» WHAT IS BEING ASKED
The records below are to be written out exactly, with every picture omitted.

═════ EXTRACTED INFORMATION

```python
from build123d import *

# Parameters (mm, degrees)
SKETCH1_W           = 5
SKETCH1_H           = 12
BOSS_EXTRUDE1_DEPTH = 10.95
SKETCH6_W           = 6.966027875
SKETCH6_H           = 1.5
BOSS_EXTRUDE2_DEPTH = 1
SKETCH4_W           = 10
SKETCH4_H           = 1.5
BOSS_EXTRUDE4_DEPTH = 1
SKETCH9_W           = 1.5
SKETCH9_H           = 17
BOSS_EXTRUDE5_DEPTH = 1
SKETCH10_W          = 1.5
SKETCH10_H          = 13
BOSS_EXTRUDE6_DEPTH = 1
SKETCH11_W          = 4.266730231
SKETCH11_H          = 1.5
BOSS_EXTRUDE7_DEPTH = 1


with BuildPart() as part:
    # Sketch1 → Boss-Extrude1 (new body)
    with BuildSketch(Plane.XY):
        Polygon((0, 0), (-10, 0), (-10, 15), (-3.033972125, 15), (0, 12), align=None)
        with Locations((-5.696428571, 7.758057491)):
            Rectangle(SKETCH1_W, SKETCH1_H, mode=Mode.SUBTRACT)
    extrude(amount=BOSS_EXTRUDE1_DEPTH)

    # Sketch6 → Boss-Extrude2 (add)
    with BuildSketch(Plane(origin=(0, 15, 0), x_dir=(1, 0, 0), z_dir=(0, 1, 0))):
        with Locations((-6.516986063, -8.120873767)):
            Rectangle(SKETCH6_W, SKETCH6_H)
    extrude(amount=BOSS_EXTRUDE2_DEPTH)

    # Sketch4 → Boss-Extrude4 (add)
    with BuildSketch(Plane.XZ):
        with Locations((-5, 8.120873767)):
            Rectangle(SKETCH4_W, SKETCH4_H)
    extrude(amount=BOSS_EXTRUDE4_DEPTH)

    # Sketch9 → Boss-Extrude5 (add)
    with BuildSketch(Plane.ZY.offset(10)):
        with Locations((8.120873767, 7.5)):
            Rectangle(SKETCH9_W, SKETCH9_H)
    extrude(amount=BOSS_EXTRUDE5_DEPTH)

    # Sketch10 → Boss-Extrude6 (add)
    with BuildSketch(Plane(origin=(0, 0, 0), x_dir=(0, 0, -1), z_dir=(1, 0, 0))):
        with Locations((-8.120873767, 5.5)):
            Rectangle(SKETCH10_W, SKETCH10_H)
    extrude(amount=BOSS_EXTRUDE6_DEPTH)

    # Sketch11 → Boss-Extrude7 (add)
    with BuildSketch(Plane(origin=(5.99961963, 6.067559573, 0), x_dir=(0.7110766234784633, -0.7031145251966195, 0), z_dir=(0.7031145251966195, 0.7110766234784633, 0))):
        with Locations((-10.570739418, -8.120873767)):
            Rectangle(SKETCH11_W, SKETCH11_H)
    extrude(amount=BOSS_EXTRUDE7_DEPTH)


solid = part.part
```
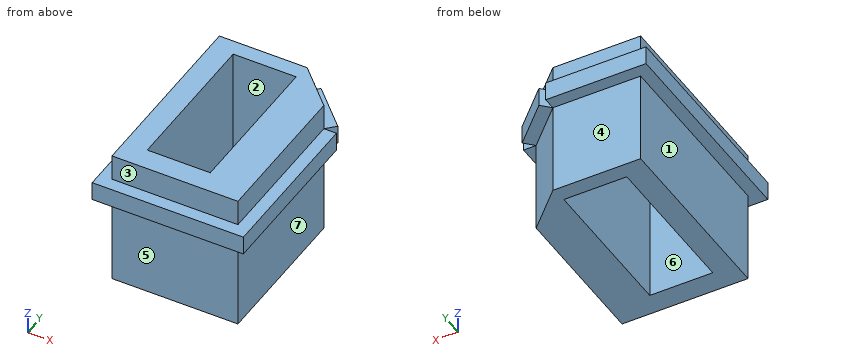
Geometry check sheet. Reference: the model listing, model coordinates, mm. Face numbers are marked on the shaded views. A direction names the side the tool comes from. Coordinates: 2 decimals unless noted, no trailing zeros. Loops run counter-clockwise (first coordinate to the right, second up) from the corner with the lowest first, then second, coordinate; pieces in that order, holes last.
Item 1: Sectioned sample at C-C, the plane z = 6.25. Record the boundary of the cut face in (x, y), then the cut area to 3 significant figures.
Item 2: Sectioned sample at D-D, the plane x = -9.25. Record the boundary of the cut face in (y, z), then the cut area to 3 significant figures.
Item 3: Thickness scan on line 1 (Y direction, x = -3.75, z = 5.75); line 2 (X direction, y = 11.5, z = 3); line 3 (X direction, y = 11.25, z = 8.25). Record the ranges inside material, lowest first.
Item 4: Release check for a two-part mould opening along X. For the marked faces 5, 6 and 7 record: released by +X, released by -X, zero draft, split by the parting line, or undercut.
Item 5: Sectioned sample at A-A, the plane x = -6.25. Record the boundary of the cut face in (y, z), then the cut area to 4 significant figures.
Item 6: Go/stop test with flat-tipped pins: pin 1 Ø3 at (x, y) = (-1, 15) entering from -Z; pin 2 Ø1 at (y, z) = (4, 10.5) entering from -X; pin 3 Ø0.8 at (y, z) = (15.5, 8) entering from +X; pin 4 Ø1 at (y, z) = (7.5, 10) entering from +X. Record where each tip stops, or that it passes through.
Item 7: Sectioned sample at B-B, the plane y = 4.75. Record the boundary of the cut face in (x, z).
Item 8: Access from +Z, -Z, +X, -X, +Y, -Y to the whole of each face (thin tool, end or side, straight path). Record for the marked faces 1, 2, 3 and 4.
Check result:
1. outline: (-10, 0) - (0, 0) - (0, 12) - (-3.03, 15) - (-10, 15) - close; hole (-8.2, 1.76) - (-3.2, 1.76) - (-3.2, 13.76) - (-8.2, 13.76) - close
1. area: 85.4 mm2
2. outline: (-1, 7.37) - (0, 7.37) - (0, 0) - (15, 0) - (15, 7.37) - (16, 7.37) - (16, 8.87) - (15, 8.87) - (15, 10.95) - (0, 10.95) - (0, 8.87) - (-1, 8.87) - close
2. area: 167 mm2
3. line 1: y = 0 to 1.76, 13.76 to 15
3. line 2: x = -10 to -8.2, -3.2 to 0
3. line 3: x = -11 to -8.2, -3.2 to 1
4. face 5: zero draft
4. face 6: undercut
4. face 7: released by +X
5. outline: (-1, 7.37) - (0, 7.37) - (0, 0) - (1.76, 0) - (1.76, 10.95) - (0, 10.95) - (0, 8.87) - (-1, 8.87) - close; (13.76, 0) - (15, 0) - (15, 7.37) - (16, 7.37) - (16, 8.87) - (15, 8.87) - (15, 10.95) - (13.76, 10.95) - close
5. area: 35.85 mm2
6. pin 1: stops at z = 0
6. pin 2: stops at x = -10
6. pin 3: stops at x = -1.71
6. pin 4: stops at x = 0
7. outline: (-11, 7.37) - (-10, 7.37) - (-10, 0) - (-8.2, 0) - (-8.2, 10.95) - (-10, 10.95) - (-10, 8.87) - (-11, 8.87) - close; (-3.2, 0) - (0, 0) - (0, 7.37) - (1, 7.37) - (1, 8.87) - (0, 8.87) - (0, 10.95) - (-3.2, 10.95) - close
8. face 1: -Z, -X, +Y, -Y
8. face 2: +Z, -Z
8. face 3: +Z, +X, -X, -Y
8. face 4: -Z, +X, -X, +Y

══════════

» SOLVED EXERCISE
```python
from build123d import *

# Parameters (mm, degrees)
SKETCH1_W           = 5
SKETCH1_H           = 12
BOSS_EXTRUDE1_DEPTH = 10.95
SKETCH6_W           = 6.966027875
SKETCH6_H           = 1.5
BOSS_EXTRUDE2_DEPTH = 1
SKETCH4_W           = 10
SKETCH4_H           = 1.5
BOSS_EXTRUDE4_DEPTH = 1
SKETCH9_W           = 1.5
SKETCH9_H           = 17
BOSS_EXTRUDE5_DEPTH = 1
SKETCH10_W          = 1.5
SKETCH10_H          = 13
BOSS_EXTRUDE6_DEPTH = 1
SKETCH11_W          = 4.266730231
SKETCH11_H          = 1.5
BOSS_EXTRUDE7_DEPTH = 1


with BuildPart() as part:
    # Sketch1 → Boss-Extrude1 (new body)
    with BuildSketch(Plane.XY):
        Polygon((0, 0), (-10, 0), (-10, 15), (-3.033972125, 15), (0, 12), align=None)
        with Locations((-5.696428571, 7.758057491)):
            Rectangle(SKETCH1_W, SKETCH1_H, mode=Mode.SUBTRACT)
    extrude(amount=BOSS_EXTRUDE1_DEPTH)

    # Sketch6 → Boss-Extrude2 (add)
    with BuildSketch(Plane(origin=(0, 15, 0), x_dir=(1, 0, 0), z_dir=(0, 1, 0))):
        with Locations((-6.516986063, -8.120873767)):
            Rectangle(SKETCH6_W, SKETCH6_H)
    extrude(amount=BOSS_EXTRUDE2_DEPTH)

    # Sketch4 → Boss-Extrude4 (add)
    with BuildSketch(Plane.XZ):
        with Locations((-5, 8.120873767)):
            Rectangle(SKETCH4_W, SKETCH4_H)
    extrude(amount=BOSS_EXTRUDE4_DEPTH)

    # Sketch9 → Boss-Extrude5 (add)
    with BuildSketch(Plane.ZY.offset(10)):
        with Locations((8.120873767, 7.5)):
            Rectangle(SKETCH9_W, SKETCH9_H)
    extrude(amount=BOSS_EXTRUDE5_DEPTH)

    # Sketch10 → Boss-Extrude6 (add)
    with BuildSketch(Plane(origin=(0, 0, 0), x_dir=(0, 0, -1), z_dir=(1, 0, 0))):
        with Locations((-8.120873767, 5.5)):
            Rectangle(SKETCH10_W, SKETCH10_H)
    extrude(amount=BOSS_EXTRUDE6_DEPTH)

    # Sketch11 → Boss-Extrude7 (add)
    with BuildSketch(Plane(origin=(5.99961963, 6.067559573, 0), x_dir=(0.7110766234784633, -0.7031145251966195, 0), z_dir=(0.7031145251966195, 0.7110766234784633, 0))):
        with Locations((-10.570739418, -8.120873767)):
            Rectangle(SKETCH11_W, SKETCH11_H)
    extrude(amount=BOSS_EXTRUDE7_DEPTH)


solid = part.part
```
Geometry check sheet. Reference: the model listing, model coordinates, mm. Face numbers are marked on the shaded views. A direction names the side the tool comes from. Coordinates: 2 decimals unless noted, no trailing zeros. Loops run counter-clockwise (first coordinate to the right, second up) from the corner with the lowest first, then second, coordinate; pieces in that order, holes last.
Item 1: Sectioned sample at C-C, the plane z = 6.25. Record the boundary of the cut face in (x, y), then the cut area to 3 significant figures.
Item 2: Sectioned sample at D-D, the plane x = -9.25. Record the boundary of the cut face in (y, z), then the cut area to 3 significant figures.
Item 3: Thickness scan on line 1 (Y direction, x = -3.75, z = 5.75); line 2 (X direction, y = 11.5, z = 3); line 3 (X direction, y = 11.25, z = 8.25). Record the ranges inside material, lowest first.
Item 4: Release check for a two-part mould opening along X. For the marked faces 5, 6 and 7 record: released by +X, released by -X, zero draft, split by the parting line, or undercut.
Item 5: Sectioned sample at A-A, the plane x = -6.25. Record the boundary of the cut face in (y, z), then the cut area to 4 significant figures.
Item 6: Go/stop test with flat-tipped pins: pin 1 Ø3 at (x, y) = (-1, 15) entering from -Z; pin 2 Ø1 at (y, z) = (4, 10.5) entering from -X; pin 3 Ø0.8 at (y, z) = (15.5, 8) entering from +X; pin 4 Ø1 at (y, z) = (7.5, 10) entering from +X. Record where each tip stops, or that it passes through.
Item 7: Sectioned sample at B-B, the plane y = 4.75. Record the boundary of the cut face in (x, z).
Item 8: Access from +Z, -Z, +X, -X, +Y, -Y to the whole of each face (thin tool, end or side, straight path). Record for the marked faces 1, 2, 3 and 4.
Check result:
1. outline: (-10, 0) - (0, 0) - (0, 12) - (-3.03, 15) - (-10, 15) - close; hole (-8.2, 1.76) - (-3.2, 1.76) - (-3.2, 13.76) - (-8.2, 13.76) - close
1. area: 85.4 mm2
2. outline: (-1, 7.37) - (0, 7.37) - (0, 0) - (15, 0) - (15, 7.37) - (16, 7.37) - (16, 8.87) - (15, 8.87) - (15, 10.95) - (0, 10.95) - (0, 8.87) - (-1, 8.87) - close
2. area: 167 mm2
3. line 1: y = 0 to 1.76, 13.76 to 15
3. line 2: x = -10 to -8.2, -3.2 to 0
3. line 3: x = -11 to -8.2, -3.2 to 1
4. face 5: zero draft
4. face 6: undercut
4. face 7: released by +X
5. outline: (-1, 7.37) - (0, 7.37) - (0, 0) - (1.76, 0) - (1.76, 10.95) - (0, 10.95) - (0, 8.87) - (-1, 8.87) - close; (13.76, 0) - (15, 0) - (15, 7.37) - (16, 7.37) - (16, 8.87) - (15, 8.87) - (15, 10.95) - (13.76, 10.95) - close
5. area: 35.85 mm2
6. pin 1: stops at z = 0
6. pin 2: stops at x = -10
6. pin 3: stops at x = -1.71
6. pin 4: stops at x = 0
7. outline: (-11, 7.37) - (-10, 7.37) - (-10, 0) - (-8.2, 0) - (-8.2, 10.95) - (-10, 10.95) - (-10, 8.87) - (-11, 8.87) - close; (-3.2, 0) - (0, 0) - (0, 7.37) - (1, 7.37) - (1, 8.87) - (0, 8.87) - (0, 10.95) - (-3.2, 10.95) - close
8. face 1: -Z, -X, +Y, -Y
8. face 2: +Z, -Z
8. face 3: +Z, +X, -X, -Y
8. face 4: -Z, +X, -X, +Y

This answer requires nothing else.